**Activity**
Under this line is a listing; return exactly the lines starting at the one with "metres per pixel: 3.26" and running down to the one with "longitude: 179.5777", and leave out its pictures.

**Recorded data**

- - - - -

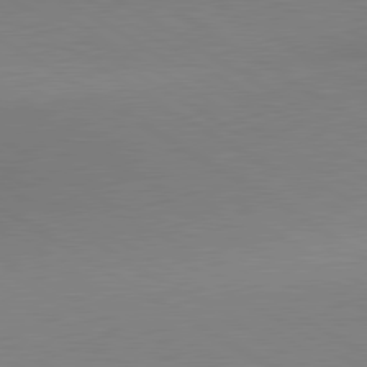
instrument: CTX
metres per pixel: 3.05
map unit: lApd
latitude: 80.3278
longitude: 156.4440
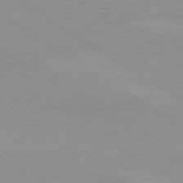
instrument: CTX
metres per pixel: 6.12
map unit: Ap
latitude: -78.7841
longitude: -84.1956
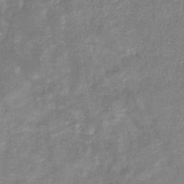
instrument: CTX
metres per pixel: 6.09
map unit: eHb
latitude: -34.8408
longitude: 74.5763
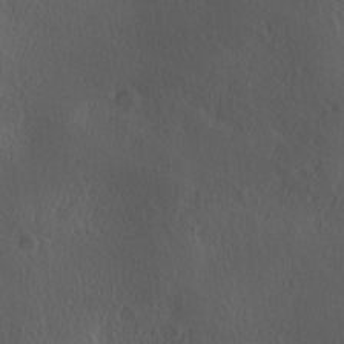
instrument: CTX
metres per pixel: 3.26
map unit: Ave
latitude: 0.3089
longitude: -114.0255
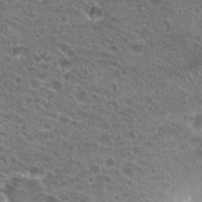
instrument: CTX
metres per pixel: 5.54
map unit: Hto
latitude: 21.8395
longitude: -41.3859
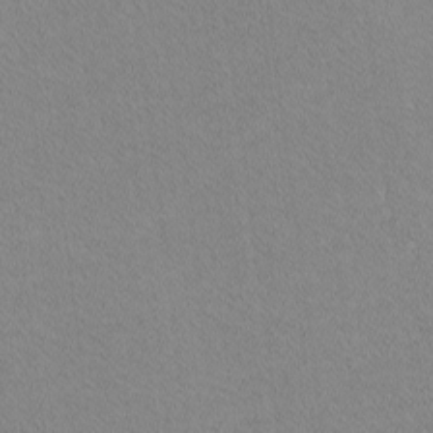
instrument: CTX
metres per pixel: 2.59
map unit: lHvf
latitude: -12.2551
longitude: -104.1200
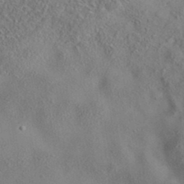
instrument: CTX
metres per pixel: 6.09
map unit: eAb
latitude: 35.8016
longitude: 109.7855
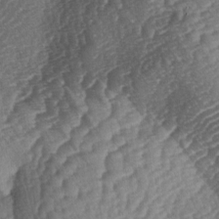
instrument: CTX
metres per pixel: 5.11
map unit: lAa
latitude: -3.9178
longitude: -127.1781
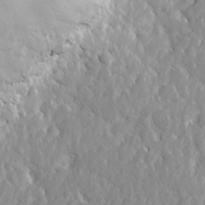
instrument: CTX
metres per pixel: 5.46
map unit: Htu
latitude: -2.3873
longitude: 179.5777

- - - - -

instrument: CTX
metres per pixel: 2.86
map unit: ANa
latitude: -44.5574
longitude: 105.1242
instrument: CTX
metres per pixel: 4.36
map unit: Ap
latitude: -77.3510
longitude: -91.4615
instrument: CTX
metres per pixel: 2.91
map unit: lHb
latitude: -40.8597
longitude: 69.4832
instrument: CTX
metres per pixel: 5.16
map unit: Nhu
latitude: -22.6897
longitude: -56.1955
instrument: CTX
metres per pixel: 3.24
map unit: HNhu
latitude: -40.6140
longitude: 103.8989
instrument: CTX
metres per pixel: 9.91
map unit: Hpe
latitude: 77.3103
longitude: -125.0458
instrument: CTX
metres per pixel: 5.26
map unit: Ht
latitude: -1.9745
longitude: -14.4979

- - - - -

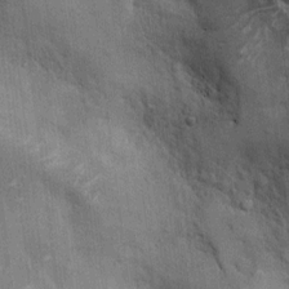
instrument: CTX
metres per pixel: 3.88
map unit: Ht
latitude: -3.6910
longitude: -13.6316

- - - - -

**Output below**
metres per pixel: 3.26
map unit: Ave
latitude: 0.3089
longitude: -114.0255
instrument: CTX
metres per pixel: 5.54
map unit: Hto
latitude: 21.8395
longitude: -41.3859
instrument: CTX
metres per pixel: 2.59
map unit: lHvf
latitude: -12.2551
longitude: -104.1200
instrument: CTX
metres per pixel: 6.09
map unit: eAb
latitude: 35.8016
longitude: 109.7855
instrument: CTX
metres per pixel: 5.11
map unit: lAa
latitude: -3.9178
longitude: -127.1781
instrument: CTX
metres per pixel: 5.46
map unit: Htu
latitude: -2.3873
longitude: 179.5777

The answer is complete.